Lastly, we try to approach our child with a lot of patience and empathy. Recognizing that their behaviors are a result of their past experiences, rather than a reflection of their character, helps us stay calm and compassionate when dealing with difficult situations.

I hope these thoughts are helpful to others in the same boat. Adopting a child who has experienced trauma is not always easy, but with the right support and approach, it can be an incredibly rewarding process.

ukilback

Hello,

I have had the privilege of fostering multiple children who had experienced trauma. Every child is different and it's crucial to prioritize them as unique individuals. It is important to have open and honest communication with your child, that would help them to develop a sense of trust in you.

As a foster parent, you may worry about your child's growth and development. I have found that spending time together, sharing moments of joy and laughter, and making memories can help in building an unbreakable bond. Engaging with the child in various activities such as painting or hiking helps reduce the feeling of isolation they might have.

Lastly, it's important to remember that it is healthy to acknowledge the past and make informed choices for your child’s future. It can also be a way to cater to their resilience building which simply means fostering their ability to overcome adversity. Seeking professional guidance, when faced with a tough call, and following through all the treatment recommendations will help your child heal from their past experiences.

Wishing you and your child all the best on this journey of healing.

lesley.lebsack

Hi there,

I have experience adopting a child who has experienced trauma, and I've found that therapy has been very helpful in addressing their behaviors. Finding a therapist who specializes in trauma-informed care is key. They can work with your child to develop coping strategies and help them feel more in control of their emotions.

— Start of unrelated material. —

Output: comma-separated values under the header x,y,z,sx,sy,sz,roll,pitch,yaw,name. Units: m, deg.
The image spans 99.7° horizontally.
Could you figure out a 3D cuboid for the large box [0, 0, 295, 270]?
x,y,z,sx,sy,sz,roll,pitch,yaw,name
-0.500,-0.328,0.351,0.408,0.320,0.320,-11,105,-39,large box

In addition to therapy, I've also found that creating a safe and supportive environment at home can make a big difference. This can mean establishing routines and boundaries, providing consistent praise and positive reinforcement, and being patient and understanding when behaviors arise.

It's important to keep in mind that healing from trauma is a process that takes time, and there may be setbacks along the way. But with the right support and resources, it is possible to help your child overcome their trauma and thrive.

abigail12

Hello there,

As a foster parent to a child who has experienced trauma, I can attest to the impact of positive affirmations in helping children who struggle with self-esteem. A child who has suffered trauma may have trouble trusting or feeling safe around others, hence, they might feel like they are not worth much. In these situations, being intentional about showering them with affirming words may go a long way in building their self-confidence.

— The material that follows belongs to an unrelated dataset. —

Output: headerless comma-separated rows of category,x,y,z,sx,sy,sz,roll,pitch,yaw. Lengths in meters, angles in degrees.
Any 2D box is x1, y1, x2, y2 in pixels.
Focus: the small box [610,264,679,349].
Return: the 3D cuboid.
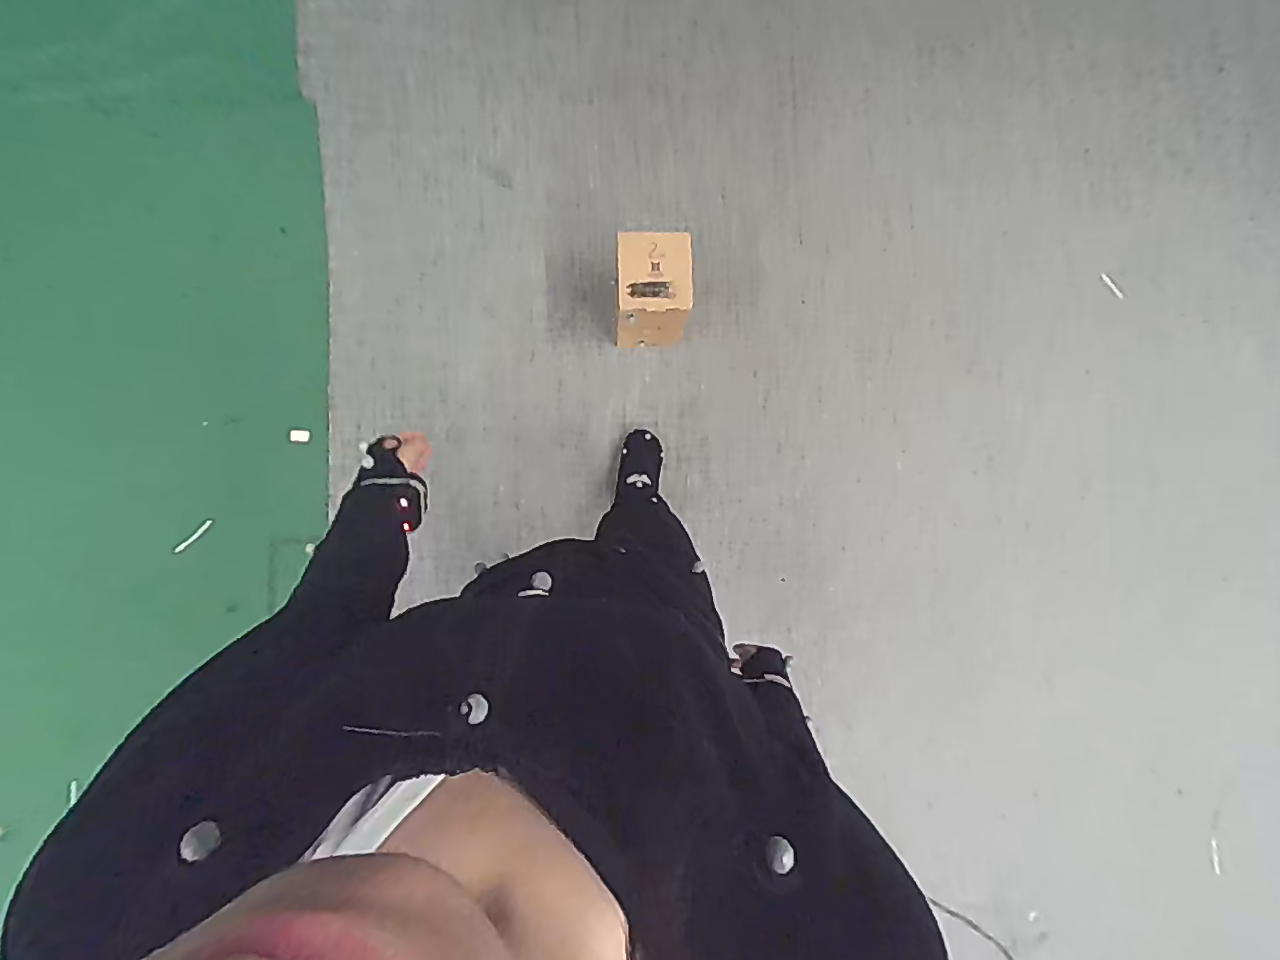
small box,0.008,-0.460,1.448,0.168,0.176,0.179,-2,90,-5

I have also found it helpful to create a safe space for our foster child, where they can express themselves freely without fear of judgement or punishment. We created a corner in the home stocked with art supplies, journals, books, and other comfort objects. We encourage our child to spend time alone in this space, as it can be grounding, therapeutic, and provide a sense of safety.

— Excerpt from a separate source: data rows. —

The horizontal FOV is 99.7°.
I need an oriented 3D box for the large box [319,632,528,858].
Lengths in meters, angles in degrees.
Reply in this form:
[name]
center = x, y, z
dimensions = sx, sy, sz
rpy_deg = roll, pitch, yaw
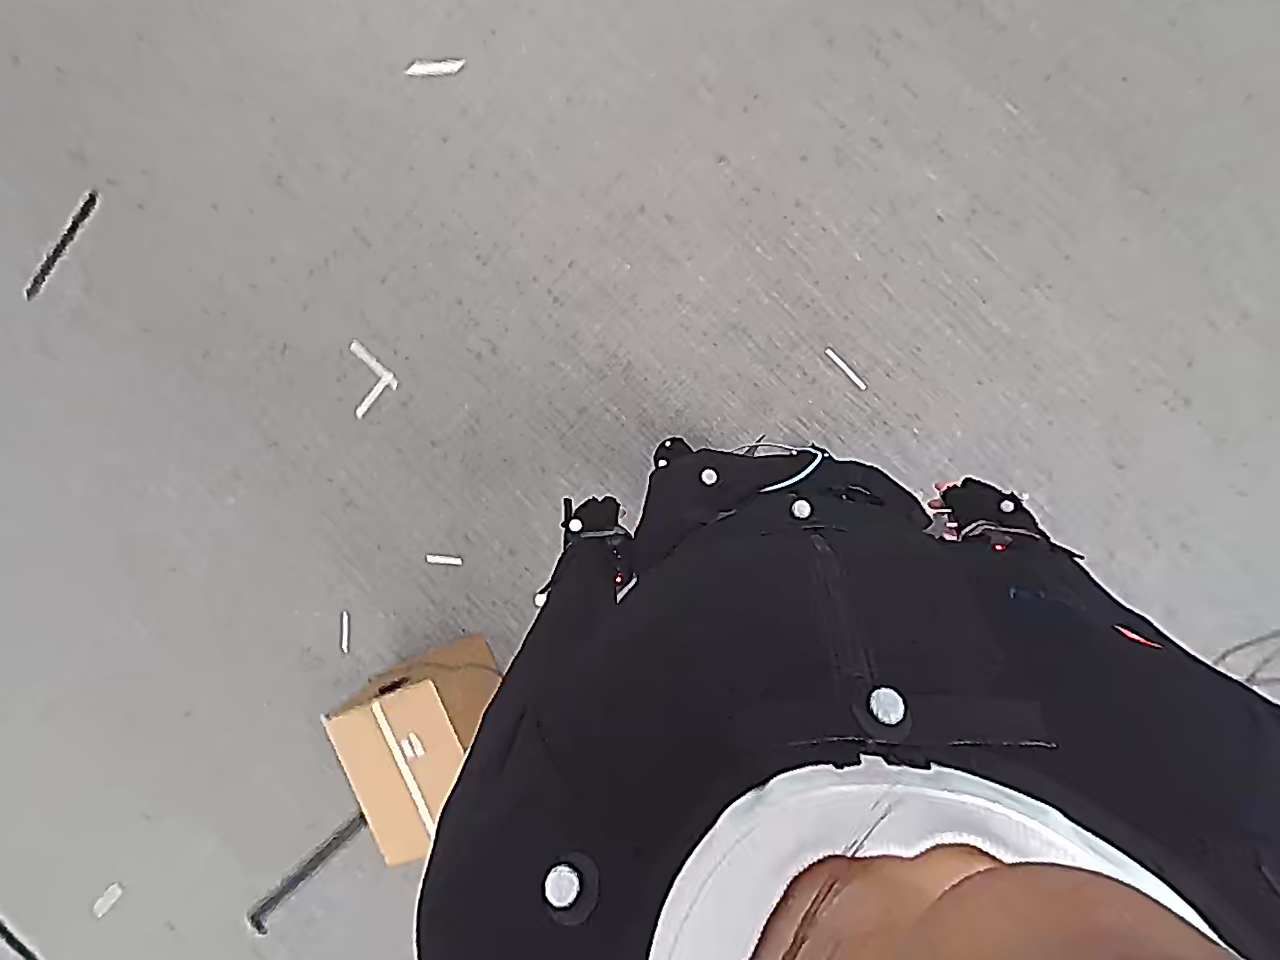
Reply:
[large box]
center = -0.556, 0.688, 1.456
dimensions = 0.320, 0.320, 0.408
rpy_deg = -22, 92, 7

Another approach we use is setting clear expectations, so our child knows what's expected of them, and they feel some level of predictability around their daily activities. We've intentionally built routines around bedtime, mealtime, and getting ready for school, so there's a sense of structure and a solid foundation for our child to anchor themselves to.

Lastly, we attend counseling sessions with the child, which also provide education and training on how we can support our child's healing process. It is important that we understand how their experiences might affect their behavior, so we can recognize triggers and prevent outbursts.

I hope these suggestions are helpful for those on a similar journey. Remember, every child is unique, hence, always be willing to pivot and evolve your strategies as necessary.